Directed by Tom DeNucci [Other horror films: Self Storage (2013), Army of the Damned (2013)]
Almost Mercy isn’t your typical horror film. Narrated by our main character Emily, it chronicles her life growing up with her best friend Jackson, the difficulties they’ve both had, and how messed up they become.
It’s an interesting mix of real-world drama and sarcastic, almost manic at points, narration by Emily, as she lets the audience know about how she first meant Jackson, or how, after being raped, the authorities did nothing because the rapists were “important to the community.” While the first forty minutes has Emily focusing on Jackson and what he went through, it turns more toward Emily after an aborted school shooting.

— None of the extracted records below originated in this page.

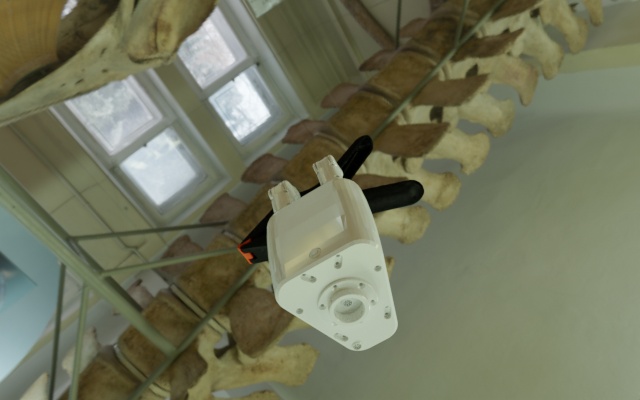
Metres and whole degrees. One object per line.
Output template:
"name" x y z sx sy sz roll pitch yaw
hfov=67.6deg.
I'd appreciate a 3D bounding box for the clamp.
"clamp" 0.000 0.003 0.548 0.210 0.036 0.164 -29 28 8
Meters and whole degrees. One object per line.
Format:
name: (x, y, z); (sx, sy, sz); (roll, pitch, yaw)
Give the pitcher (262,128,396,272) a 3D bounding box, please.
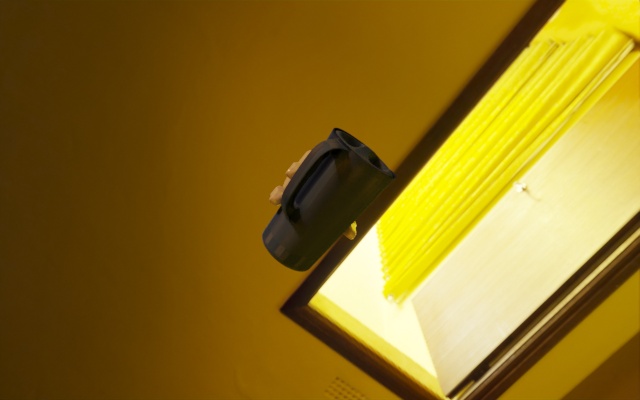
pitcher: (0.000, 0.003, 0.821); (0.149, 0.243, 0.145); (35, 17, -12)

Honestly, there’s not much horror going on for the first fifty minutes of so, save an instance or two of blood spill. It’s more a dramatic comedy, with Emily, while going through a shitty, disconnected life, goes on about Jackson, her screwed up mother, and the creeps who make the town they live in a terrible place. I can imagine that some would call a majority of the film both meandering and boring, not to mention disjointed in tone. One second, a boy is mocked and terrorized by bullies, the next, Emily’s joking about some aspect or another of her life. That said, I rather liked how the film played out.
While at times I thought the narration was a bit too comedic, I thought we really got to learn about and even care about Emily and Jackson. When Jackson is expelled from school, you can feel for him. When Emily’s mother attempts suicide, you can feel her disdain for her father, as he walked out on them. It felt real, in short. The film takes a turn in the final thirty minutes or so, and it was a logical, satisfactory one.
Let’s talk actors and actresses. Young Emily, played by Eva Senerchia, did a really good job, being as young as she is, showing us the dispassionate life that sometimes a young kid can go through. Danielle Guldin, who played grown-up Emily, did a fantastic job in her role and narration. Grown-up Jackson, played by Jesse Dufault, did pretty good also, though more focus was spent on Emily (which makes sense, as the film was through her point-of-view). Kane Hodder and Bill Moseley, playing a high school coach and a church pastor, respectively, are good in their roles.
Though it takes a while to get there, the gore is also quite solid, and the killing spree at the end was on point, if not occasionally riddled with unnecessary comedic commentary. Almost Mercy seems to be the type of film that will turn off some horror fans. It’s not conventional, it’s a bit enthusiastic in it’s presentation, and the “twist” might not do much for some. Personally, though, despite it’s few shortcomings, I thought it was a great quirky film. It’s not for everyone, but it was for me.